In conclusion we need to balance the Arabization of Islam in that we maintain a comprehensive understanding and expression of Islam as it relates to our culture and language here in the states. At the same time, we realize that the scholarly understanding of Islam can only be attained through mastering Arabic and learning from scholars who represent the 14-century-old tradition of Islamic scholarship. Arabic is not the language of Islam, rather it is the final language in which Islam was revealed and preserved. If we were to say that Arabic is the language of Islam then we would be saying the great Noah, Abraham, Moses and Jesus were not true Muslims since they didn’t speak or know Arabic! No Muslim is better or more authentic than another except by piety and God-consciousness.

* The detailed differences in application of Islamic Law from culture to culture i.e. Arab to American will—God willing—be researched in a future article as I’m sure some of you thought this would be the subject matter of this article.

About the author

John (Yahya) Ederer

John (Yahya) Ederer

Imam John Yahya Ederer left a life of spiritual decadence and embraced Islam in 1998. In 2002, he accepted a scholarship offer from the Islamic American University in Michigan and spent 6 years travelling the Muslim world studying with prominent scholars.

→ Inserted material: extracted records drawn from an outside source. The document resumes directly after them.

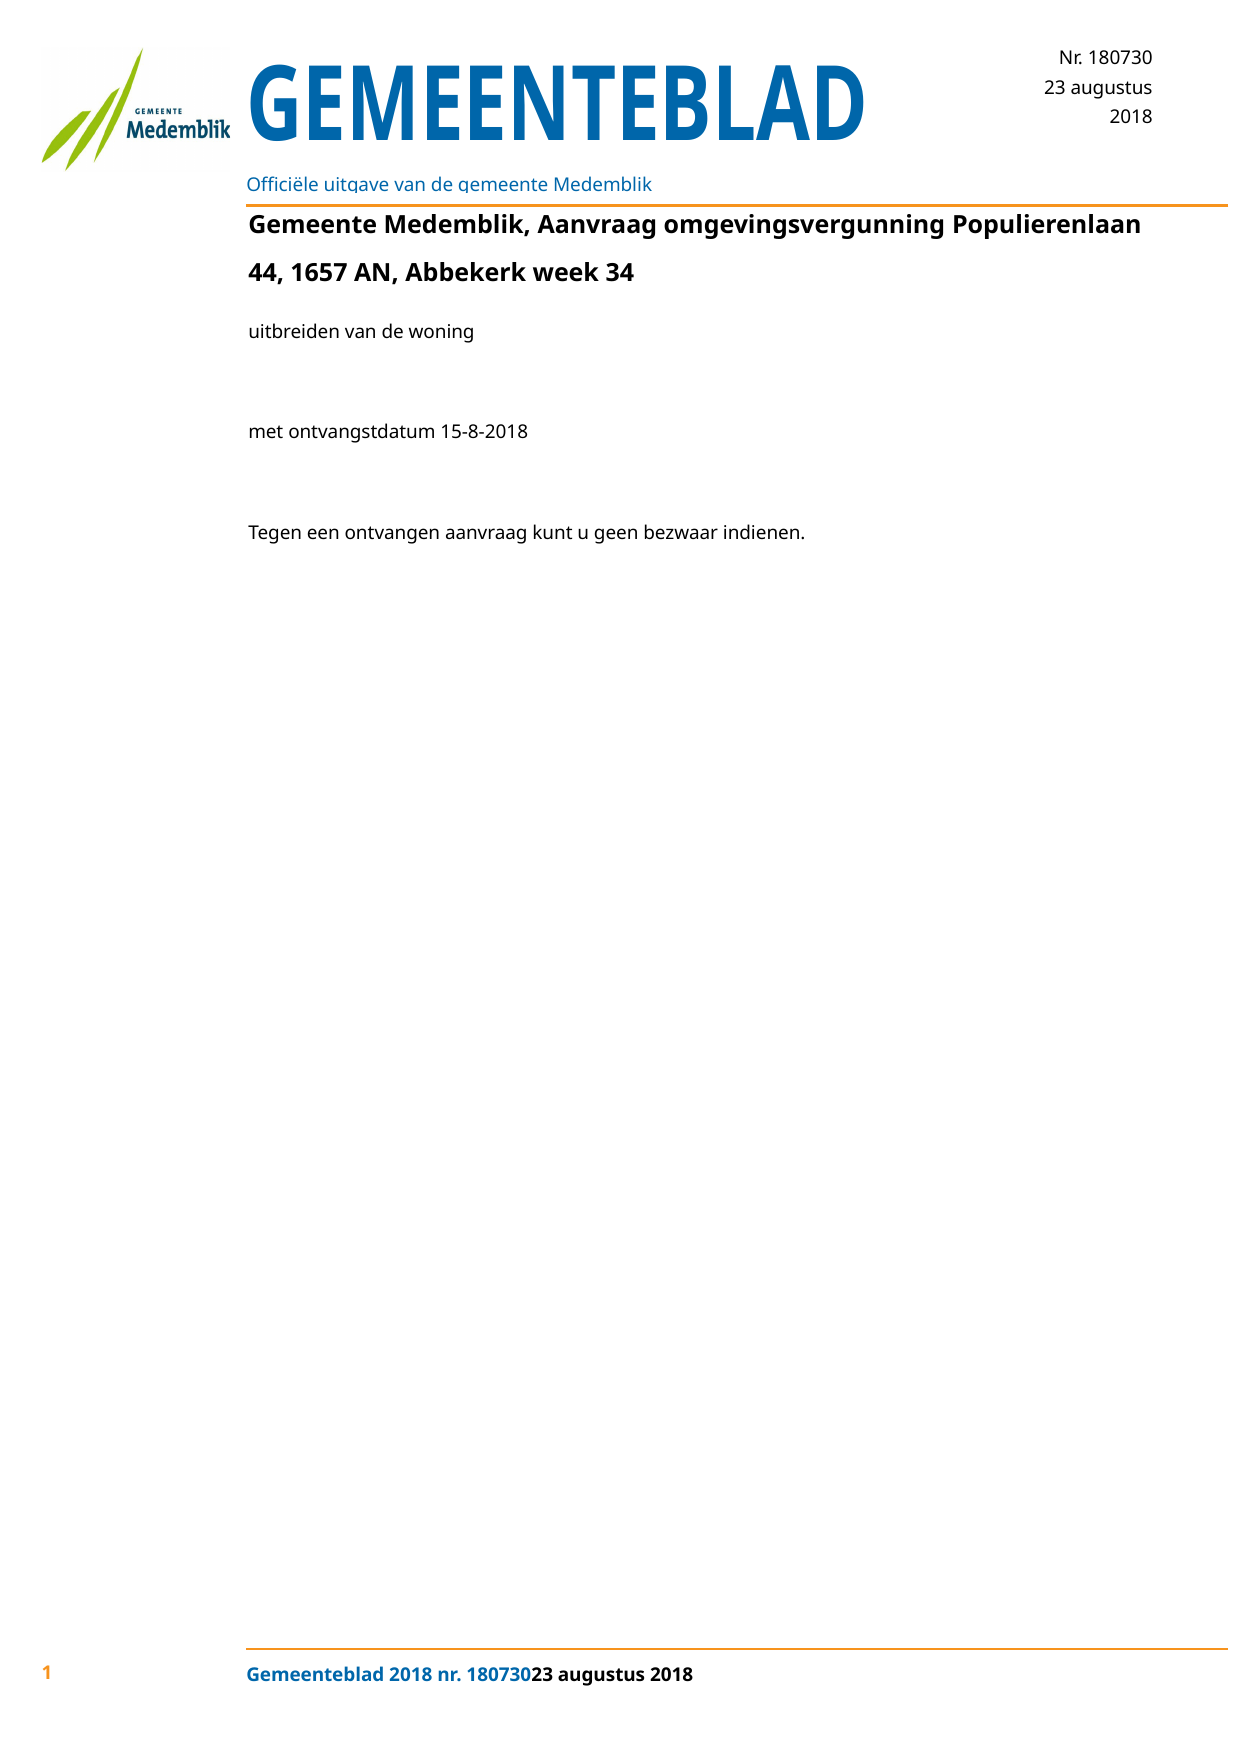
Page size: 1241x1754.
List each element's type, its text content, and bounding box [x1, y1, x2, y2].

text met ontvangstdatum 15-8-2018 [248, 419, 1152, 444]
text Gemeente Medemblik, Aanvraag omgevingsvergunning Populierenlaan 44, 1657 AN, Abbekerk week 34 [248, 207, 1152, 288]
picture [41, 47, 231, 172]
text uitbreiden van de woning [248, 318, 1152, 344]
text Tegen een ontvangen aanvraag kunt u geen bezwaar indienen. [248, 519, 1152, 545]

He attained an associates with IAU, a certification of mastery of the Arabic sciences from the ministry of education in Egypt, a diploma in Islamic Studies from the Cordoba Institute in Kuwait and a license with one of the highest chains of transmission in Qur’an memorization and recitation. He served as the Religious Director of the Islamic Foundation of South Florida for two years and now lives with his wife and two children in Charlotte, North Carolina where he serves as Imam of the Muslim American Society. He currently sits on the clergy board of one of the largest interfaith coalitions in Mecklenburg Ministries and is a board member of the Shamrock Drive Development Association.


  • May Allah swt give guidance to our ummah. So many Arabs I know have an attitude of being somehow “more Muslim” than non-Arabs that it really saddens and disgusts me.

  • Apologies for posting twice, but what would be the best way to approach Arab Muslims about their ethnocentric views? What I hear often is “it’s not because we are better, we are just different”.

    I really find it hard to accept that view or even justify it when it comes from otherwise righteous and practicing Muslims. What can I do to maintain a positive view of them? I don’t believe righteous Muslims should hold such views, so I’m afraid of thinking less of them!

  • Hi there. Absolutely loved your article and I fully agree that ethnocentrism Is the main culprit. Islam cannot withstand time, space and period if its not human-centric. You can be an Algerian, a Japanese, a Mexican, a Puerto Rican, a Monggol, a Nordic and yet be a muslim. We dont have to be like an Arab just because we are Muslims.

  • As’Salaamwalaikum brother Ederer and to all.

    This is a great article in the series you have written. The article abruptly ended at the last sentence of the article ending at “which…”; so I’m assuming it’ll continue onto the second part of the article.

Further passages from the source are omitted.